The church is not a museum, but the living, breathing body of Christ, and it has changed much. Many of our beliefs and practices developed and changed in varying degrees over the past 2,000 years.
The same is true with the Mass. It has undergone hundreds of changes through the centuries. The form of the Mass most older Catholics grew up with was simply one of the many the church has experienced throughout its life.
Our present ritual is, therefore, only one in a long series of "new Masses" in the church's history, though it has many more similarities to the "old Mass" of the early Christians than any other format the Mass has enjoyed during the last 1,000 years.
During the first 15 centuries of the church's life, the Mass was not the same in all the churches. Especially in the first several centuries, the celebration of the Eucharist was just that - a celebration. Actions, words, music and whole atmosphere of the Mass were different according to who was there, the condition and circumstances of their lives, and so on.
For a variety of reasons, the Mass gradually ceased being an event that the people participated in as members of the Body of the Risen Christ. It became rather a sacred ceremony carried out by the priest that the rest of the people were simply required to watch reverently.
By the time of the Council of Trent in the 1500s, much of the early history of the Mass which we are aware of today had been completely lost. The bishops at that council, however, were faced with numerous attacks against the Mass and the Eucharist from leaders of the new Protestant Reformation. They understandably responded to these attacks by taking one form of the Mass - the form used in Rome at that time - and declaring it the only form of the Mass allowed in the Western Church. Every action an prayer was spelled out in minute detail. No options were offered.

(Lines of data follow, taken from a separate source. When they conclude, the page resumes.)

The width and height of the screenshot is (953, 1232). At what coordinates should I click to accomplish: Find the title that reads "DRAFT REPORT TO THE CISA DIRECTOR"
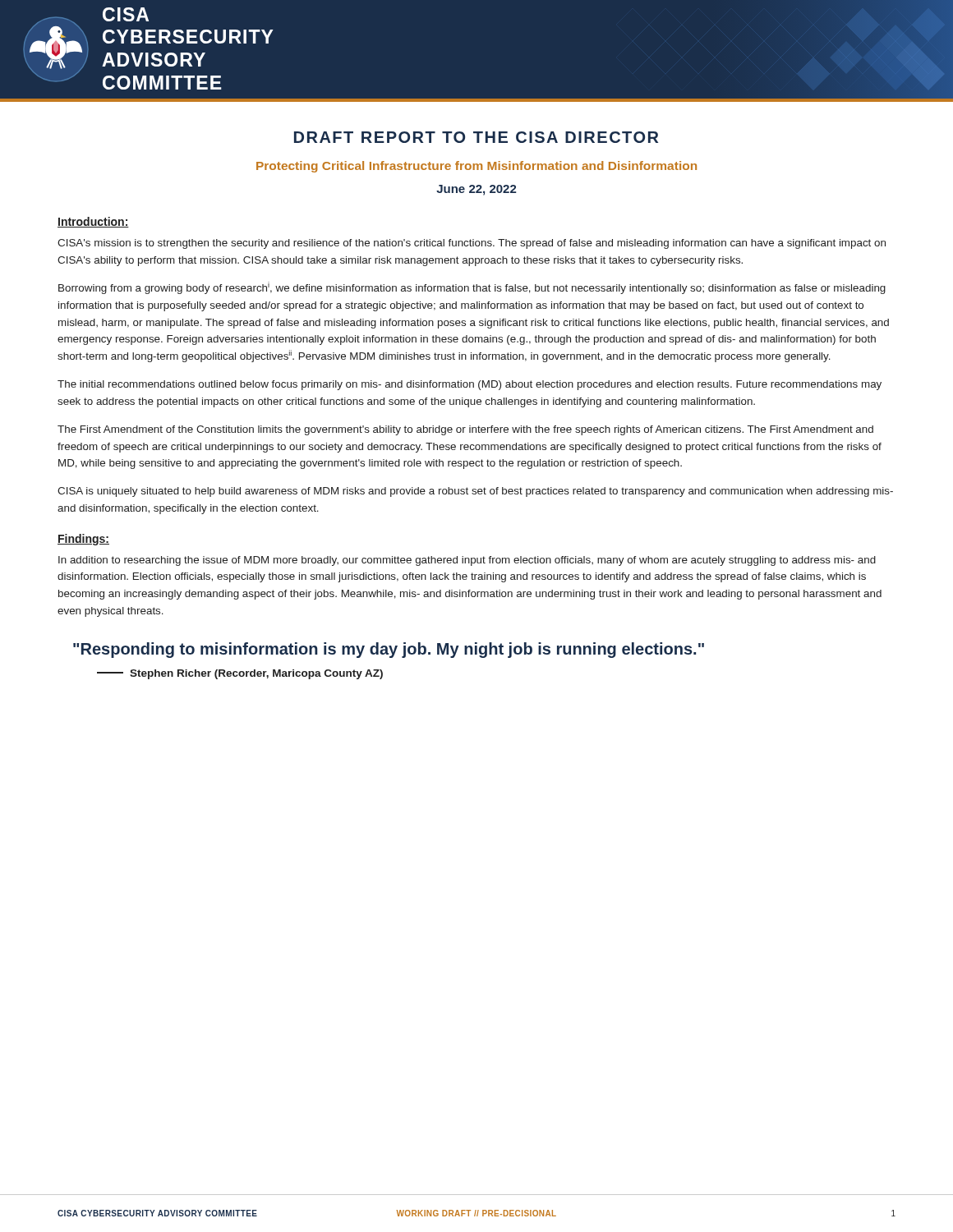coord(476,137)
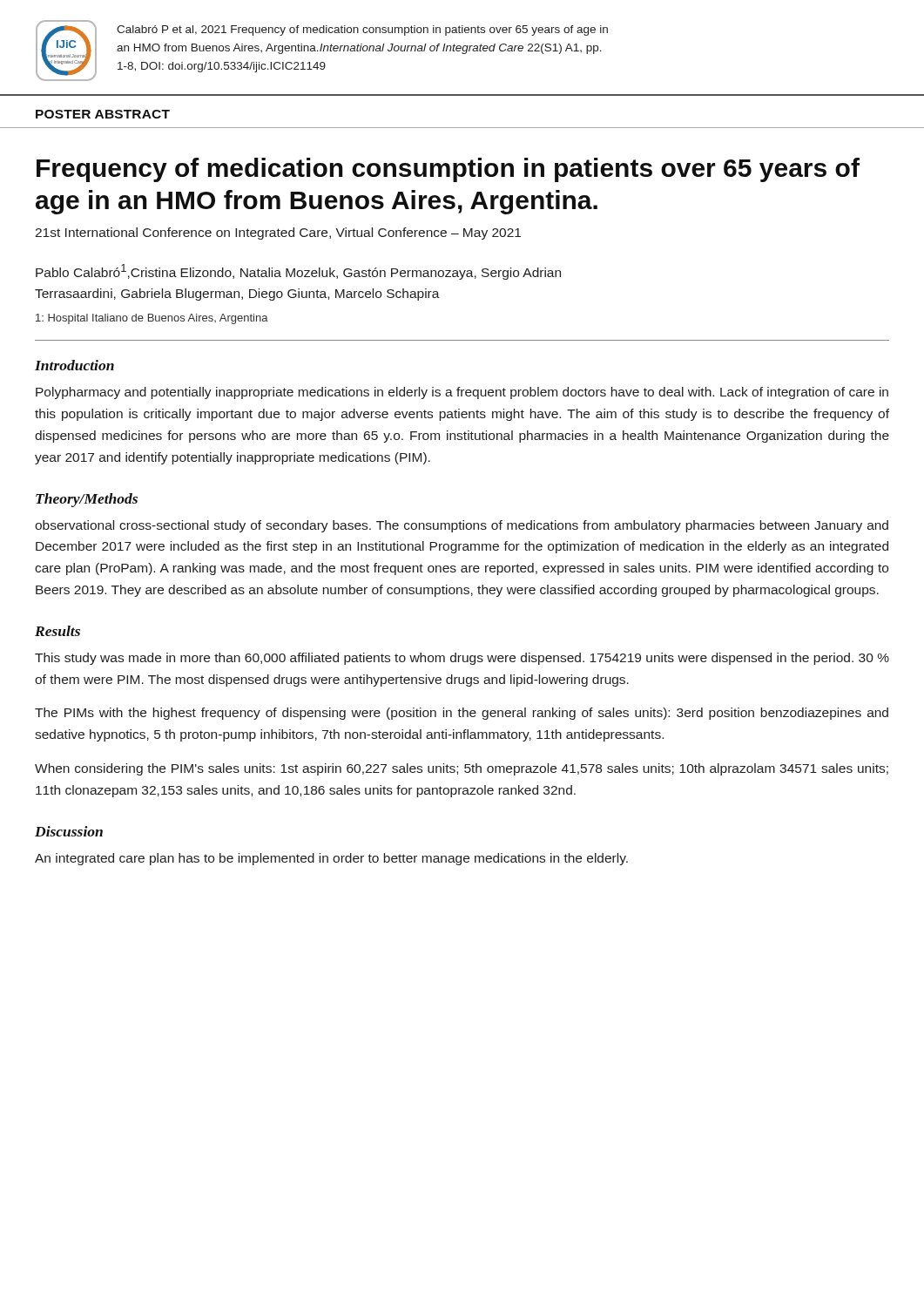Find the block starting "Pablo Calabró1,Cristina Elizondo, Natalia Mozeluk, Gastón Permanozaya, Sergio"
Viewport: 924px width, 1307px height.
pos(298,281)
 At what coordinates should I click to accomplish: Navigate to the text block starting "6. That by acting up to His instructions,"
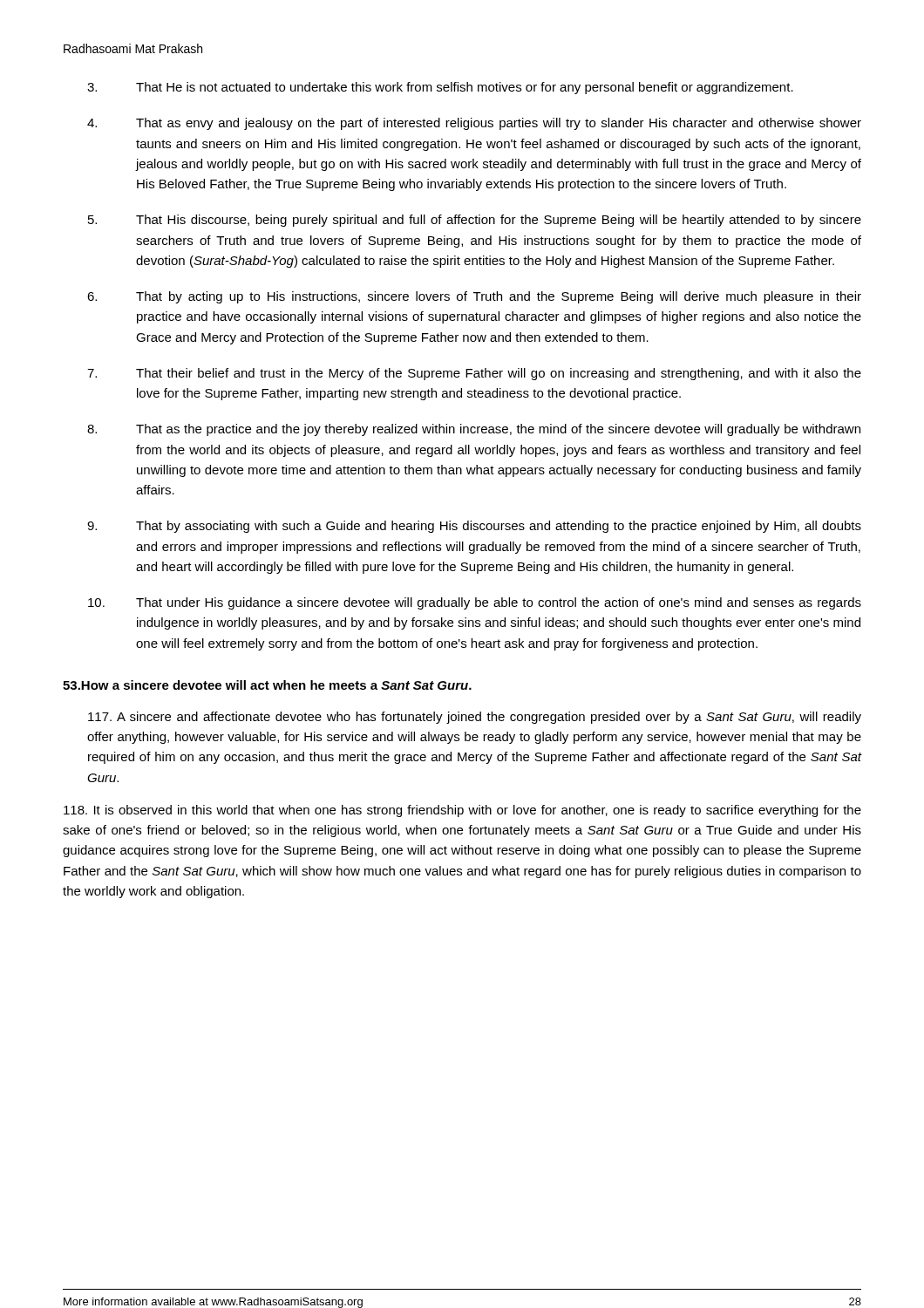(x=462, y=316)
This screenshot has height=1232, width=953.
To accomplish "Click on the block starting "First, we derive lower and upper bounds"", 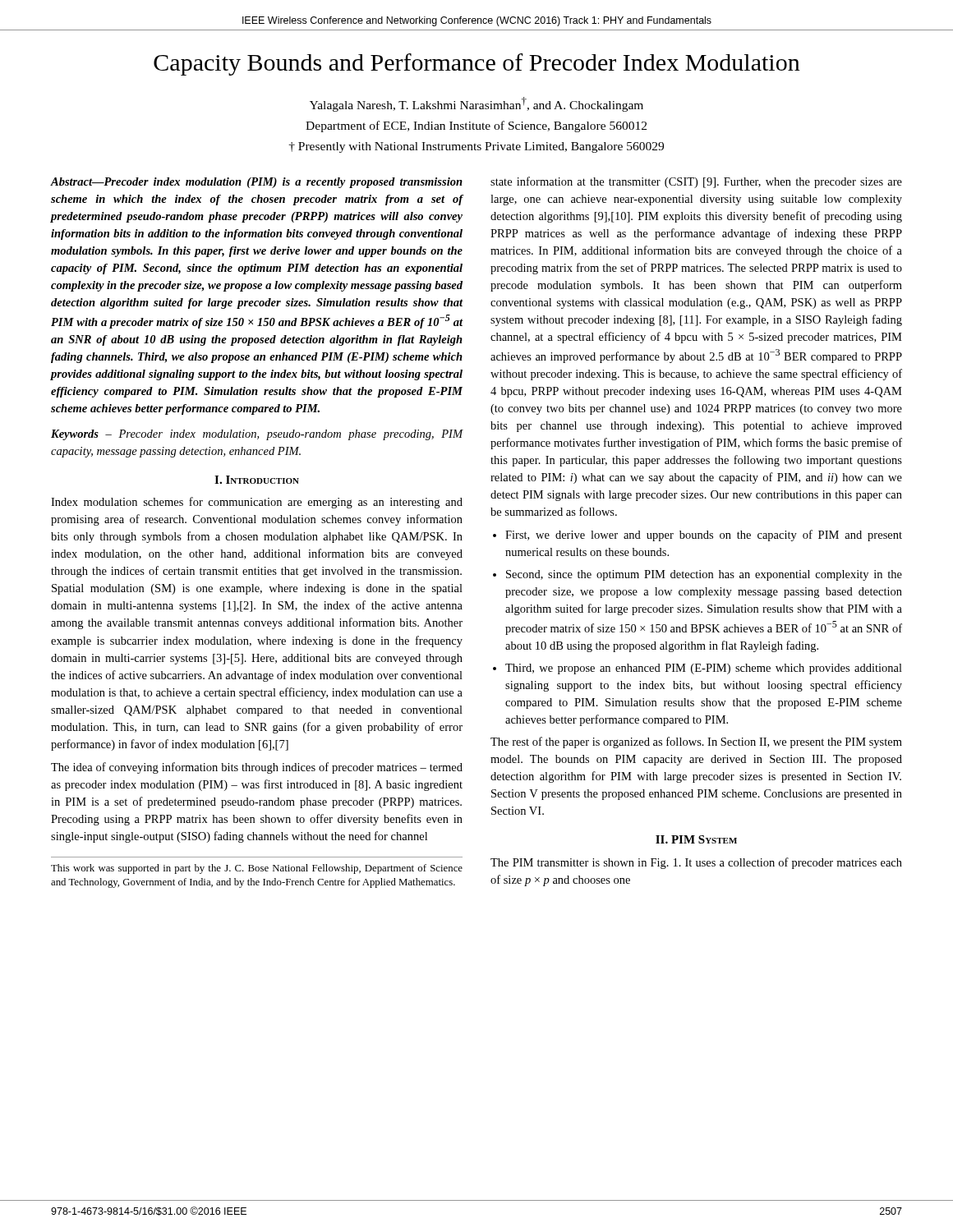I will (704, 543).

No variations were permitted.
Long before the Second Vatican Council, church leaders were aware that this kind of frozen liturgy was blocking the growth of real liturgical prayer and worship and that something had to be done to loosen things up. The purpose wasn't variety for variety's sake. It was to enable people of different ages and times and temperaments and circumstances to make the Mass a genuine, living worship-celebration of their Christian life.
Variations are now specifically allowed and suggested in the official instructions on the Mass. Numerous options for Scripture readings are offered. Several prayers or exhortations are accompanied with the notation that the priest should "use these, or similar words". Wide leeway is given in such things as music and actions. The Sign of Peace, for instance, is to be given "according to local custom".

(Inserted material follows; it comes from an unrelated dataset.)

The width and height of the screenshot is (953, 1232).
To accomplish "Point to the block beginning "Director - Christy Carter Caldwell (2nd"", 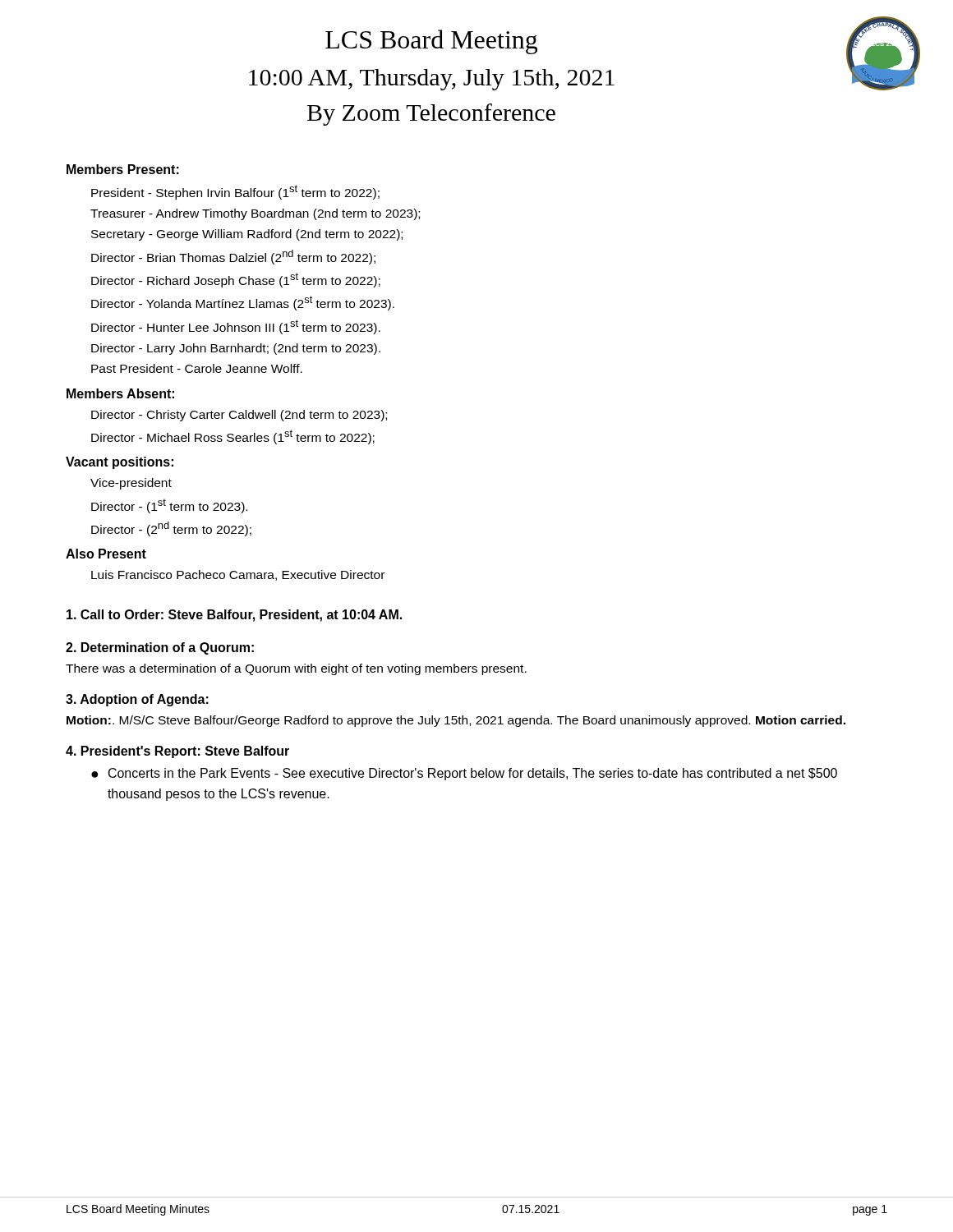I will click(x=239, y=414).
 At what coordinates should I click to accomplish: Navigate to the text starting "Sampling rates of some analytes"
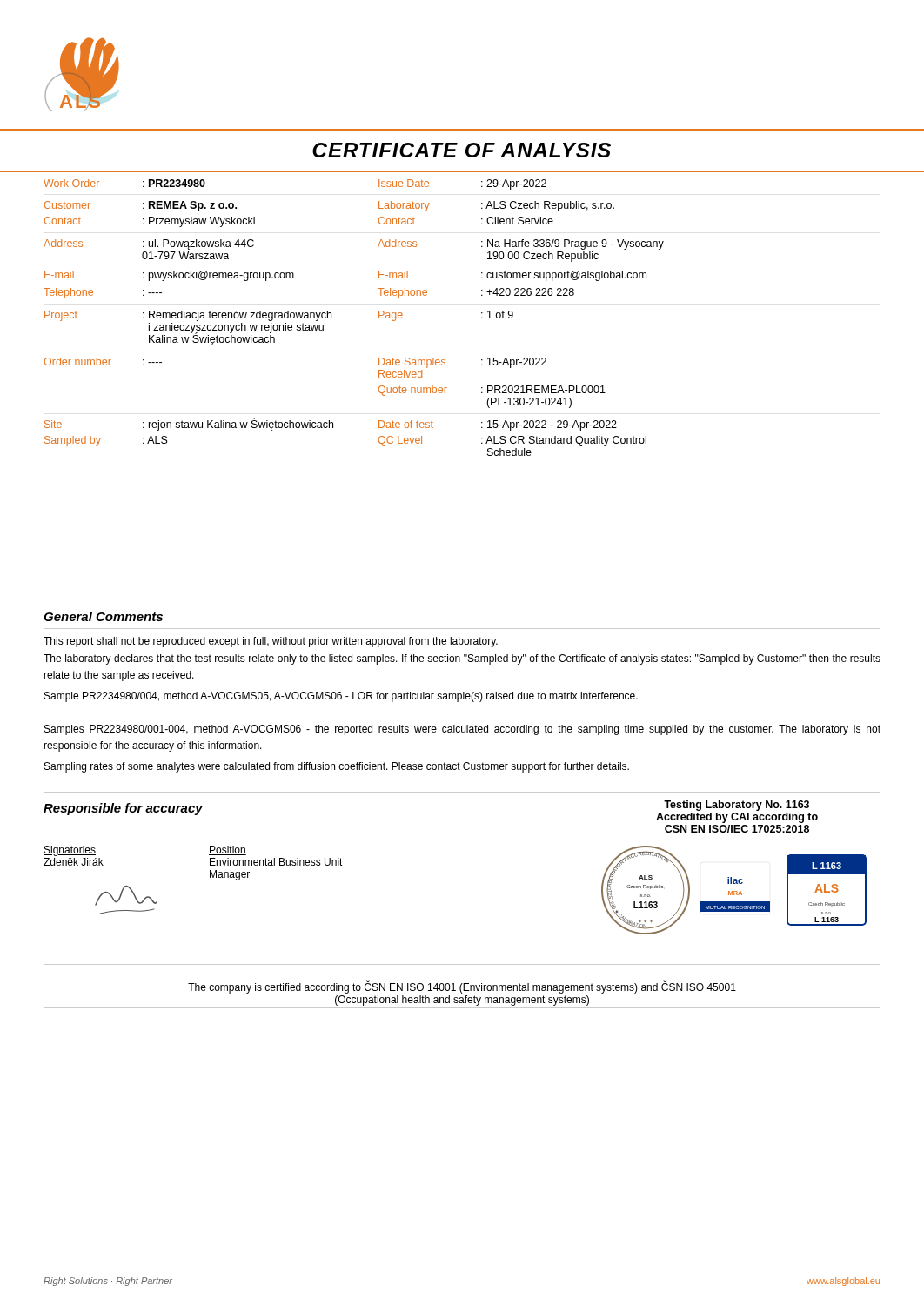coord(337,766)

The Mass will always be the same in its essentials - the renewal of the offering which Jesus made to the Father on Calvary, and the Communion of his body and blood as the sign and source of the one Body of Christ. In other words, it will always be a sacrifice, and a sacred meal.
Apart from these essentials, however, Eucharistic worship will depend on the culture, customs, language and temperaments of the people who offer it.

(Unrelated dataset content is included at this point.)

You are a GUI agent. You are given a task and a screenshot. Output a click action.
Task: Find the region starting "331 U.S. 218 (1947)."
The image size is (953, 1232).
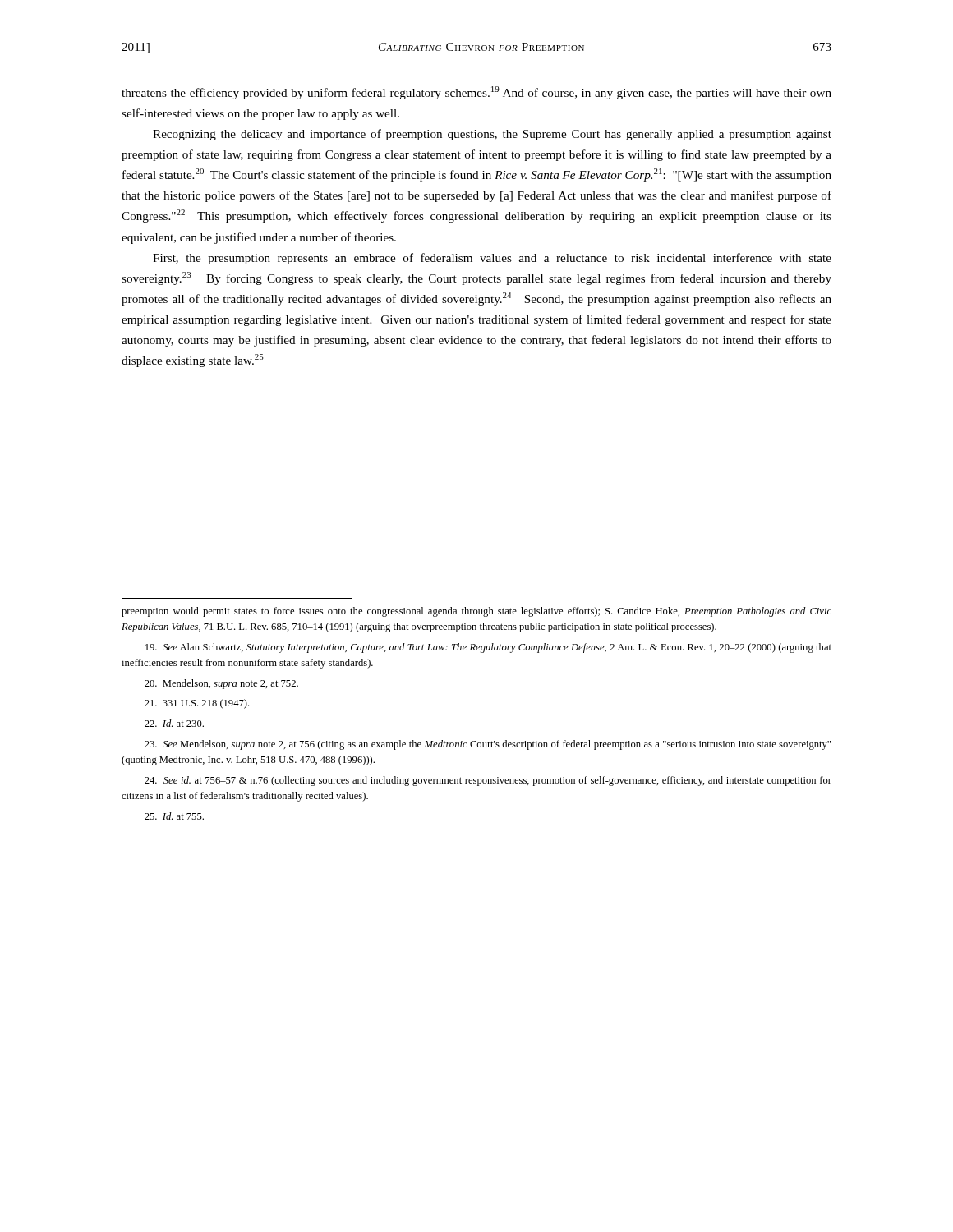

Certain historical circumstances have caused most of us to think of the Mass as unchanging and "universal" in the wrong sense. Enormous and irreparable damage has been done to the cause of the church because of small-mindedness and short-sightedness in this matter. A few hundred years ago, for example, an imaginative missionary effort that might have brought all of China into Christianity collapsed because officials in Rome insisted on such things as that all Masses be in Latin, that priests must wear Western-style dress and vestments, and so on.
This attitude, long in disrepute, was officially put down by Pope Pius XII. When the church attempts to call a people to a better way of life under the inspiration of the Christian religion, he said in one of his encyclicals, "she does not act like one who recklessly cuts down and uproots a thriving forest. She grafts good stock upon the wood so that it may bear even better fruit." The policy of using anything in local cultures, even religious customs, that can conceivably be meshed with Christian beliefs is now well established.
When you are present for a Mass that is different than you're used to, why not relax, try to get into the spirit of it and share in it as well as you can? A little giving in, and trying to share what others are feeling could be a real act of charity towards those around you as well as to yourself.
- compiled from "The New Question Box - Catholic Life for the Nineties" by John J. Dietzen, Guildhall Publishers
5 comments:
Kudos! Thank you for sharing this Daniel. I fully agree and it should give a new perspective on the Youth Mass and other Masses
I cannot comment on whether Norman or Father John J. Dietzen is more accurate with regard to the facts.
All I know is that he specialized in answering questions that dealt with the then still "new" liturgy that had evolved since Vatican II.
If you're interested in finding out more about what he writes, you can still find him answering questions at Catholic News Service. Here you will find a page containing 400+ questions that he's answered:
http://plweb.catholicnews.com/plweb-cgi/fastweb?TemplateName=prehit.tmpl&view=Columns&dbname=Columns&query=%27Question%20Corner%27%3Aslugline&query_rule=%28%24query%29&operator=AND&numresults=25&sorting=none
It is an excellent source of objective information for those who don't have the time to research for answers to questions on the Catholic faith.
There is too a danger of reading church documents on our own, because we tend to pick out what we want to read, to pick out what supports our own viewpoint. I too am guilty of this as well. Hence it is always important to find an objective and well-informed source.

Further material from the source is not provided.